Records supplied >>
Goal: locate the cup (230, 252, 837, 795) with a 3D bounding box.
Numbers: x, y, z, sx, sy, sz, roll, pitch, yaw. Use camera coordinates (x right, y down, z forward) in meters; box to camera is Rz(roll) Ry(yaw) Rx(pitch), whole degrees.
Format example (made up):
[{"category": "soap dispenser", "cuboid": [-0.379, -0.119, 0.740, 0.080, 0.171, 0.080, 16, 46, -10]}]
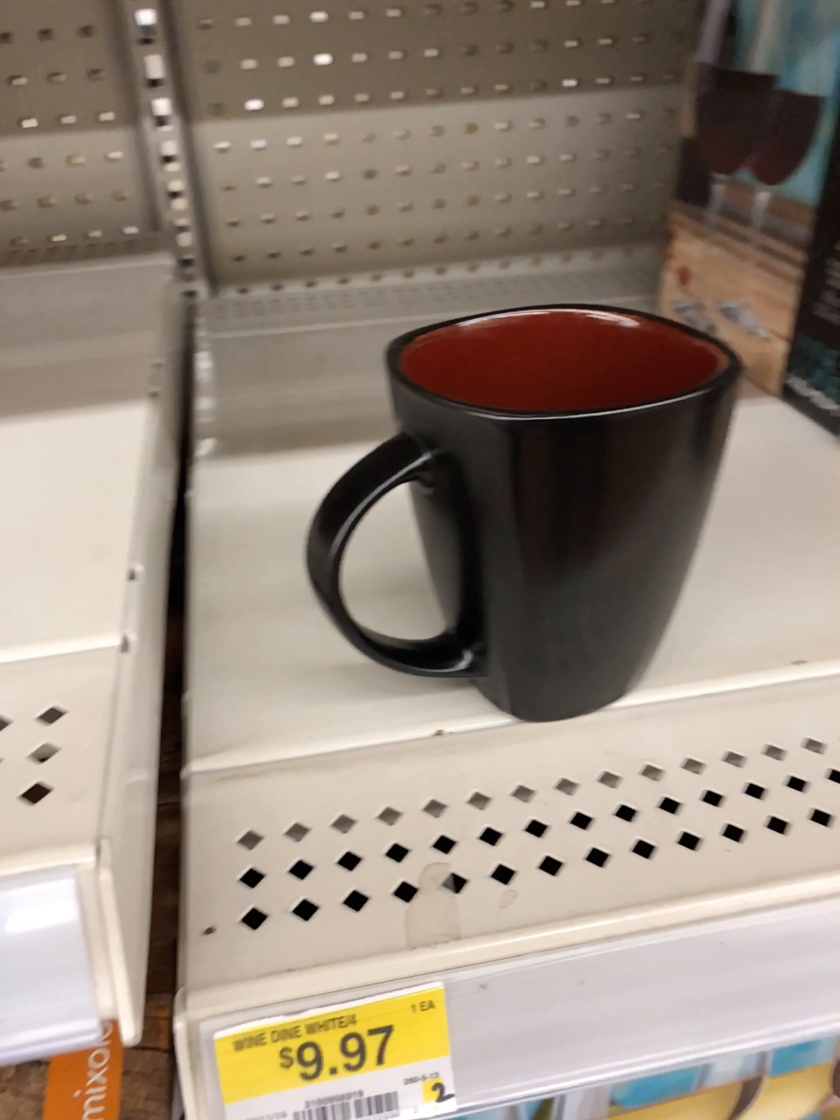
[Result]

What needs to be done >> Reproduce only the lines from the line with "Numbers: x, y, z, sx, sy, sz, roll, pitch, yaw." to the end of the entries. Keep both ends, copy them exactly, and omit every picture.

Response below >>
Numbers: x, y, z, sx, sy, sz, roll, pitch, yaw. Use camera coordinates (x right, y down, z forward) in meters; box to camera is Rz(roll) Ry(yaw) Rx(pitch), whole degrees.
Format example (made up):
[{"category": "soap dispenser", "cuboid": [-0.379, -0.119, 0.740, 0.080, 0.171, 0.080, 16, 46, -10]}]
[Result]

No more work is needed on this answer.